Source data
= = = = = = =
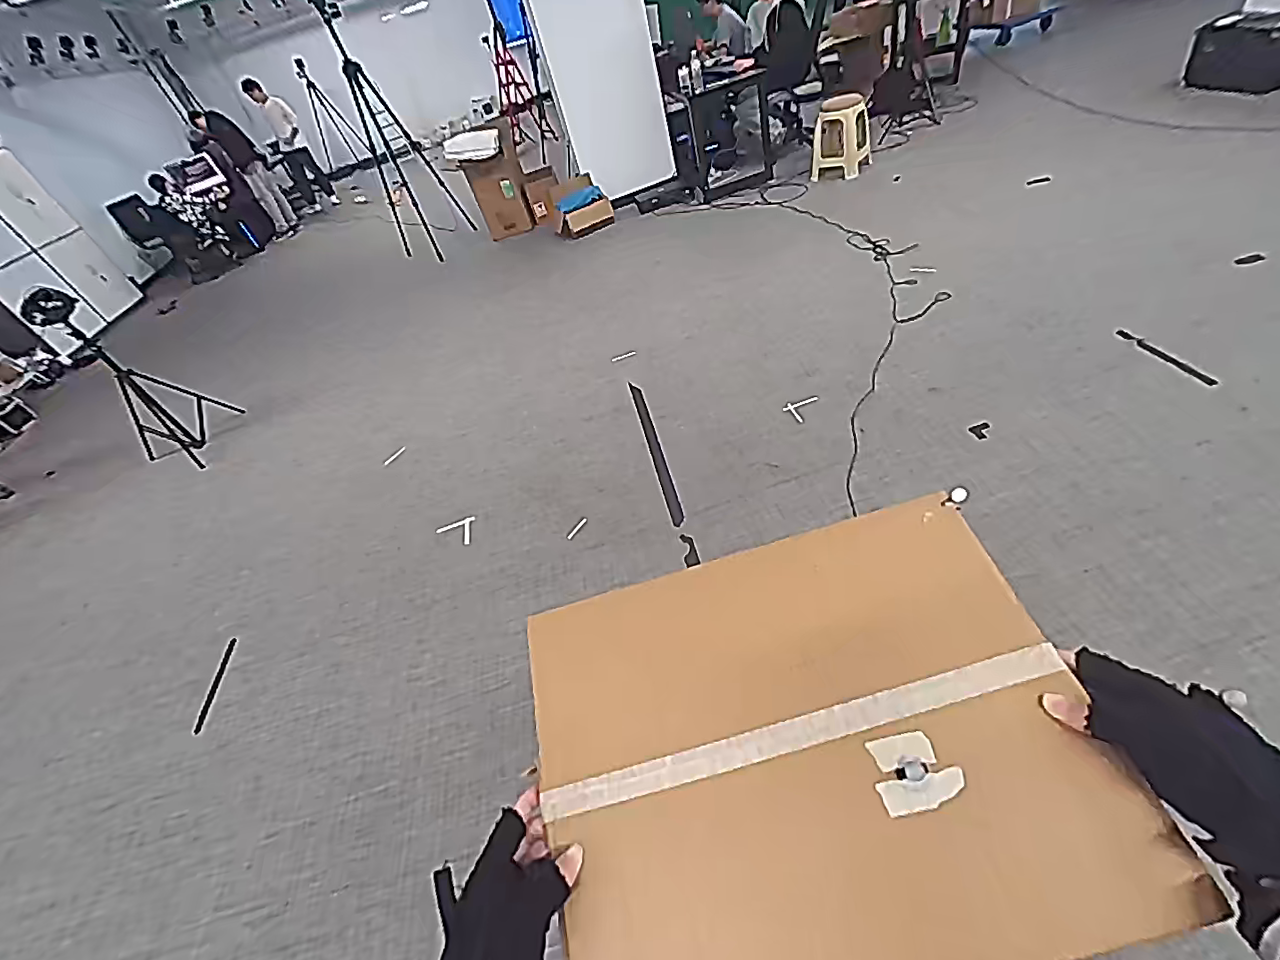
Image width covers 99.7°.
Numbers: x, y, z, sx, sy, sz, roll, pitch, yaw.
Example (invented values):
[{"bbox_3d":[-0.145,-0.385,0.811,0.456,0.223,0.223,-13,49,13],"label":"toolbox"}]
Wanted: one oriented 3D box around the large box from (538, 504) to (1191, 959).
[{"bbox_3d":[0.152,0.284,0.548,0.408,0.320,0.320,-18,55,2],"label":"large box"}]
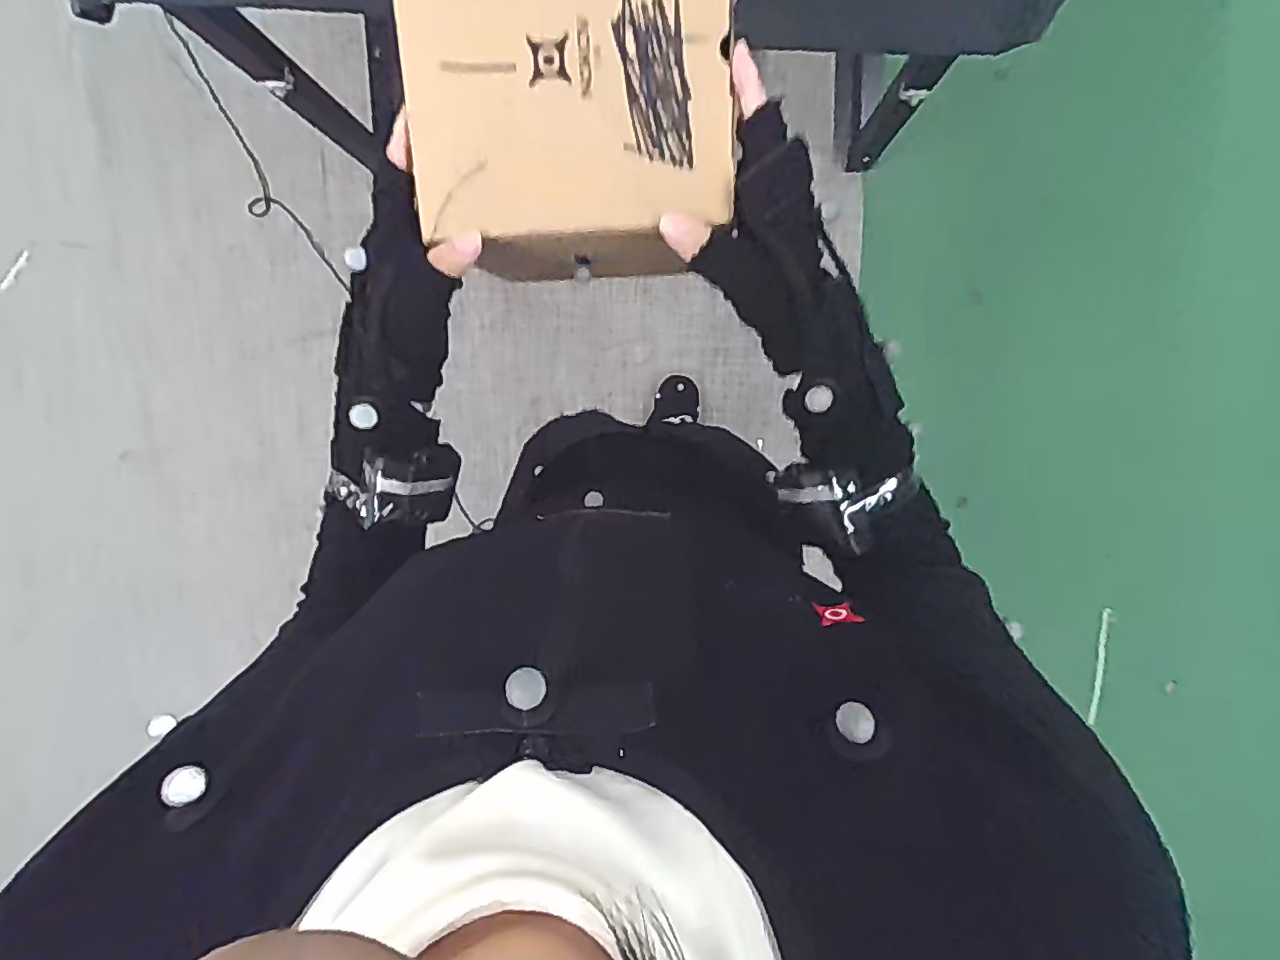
= = = = = = =
Exercise goal - Without any pictures, please write out the lines from the one containing "Numbers: x, y, z, sx, sy, sz, roll, pitch, yaw." through the final line of the data, exactly and inclusive of both ends.

Result of this exercise -
Numbers: x, y, z, sx, sy, sz, roll, pitch, yaw.
Example (invented values):
[{"bbox_3d":[-0.145,-0.385,0.811,0.456,0.223,0.223,-13,49,13],"label":"toolbox"}]
Wanted: one oriented 3D box around the large box from (538, 504) to (1191, 959).
[{"bbox_3d":[0.152,0.284,0.548,0.408,0.320,0.320,-18,55,2],"label":"large box"}]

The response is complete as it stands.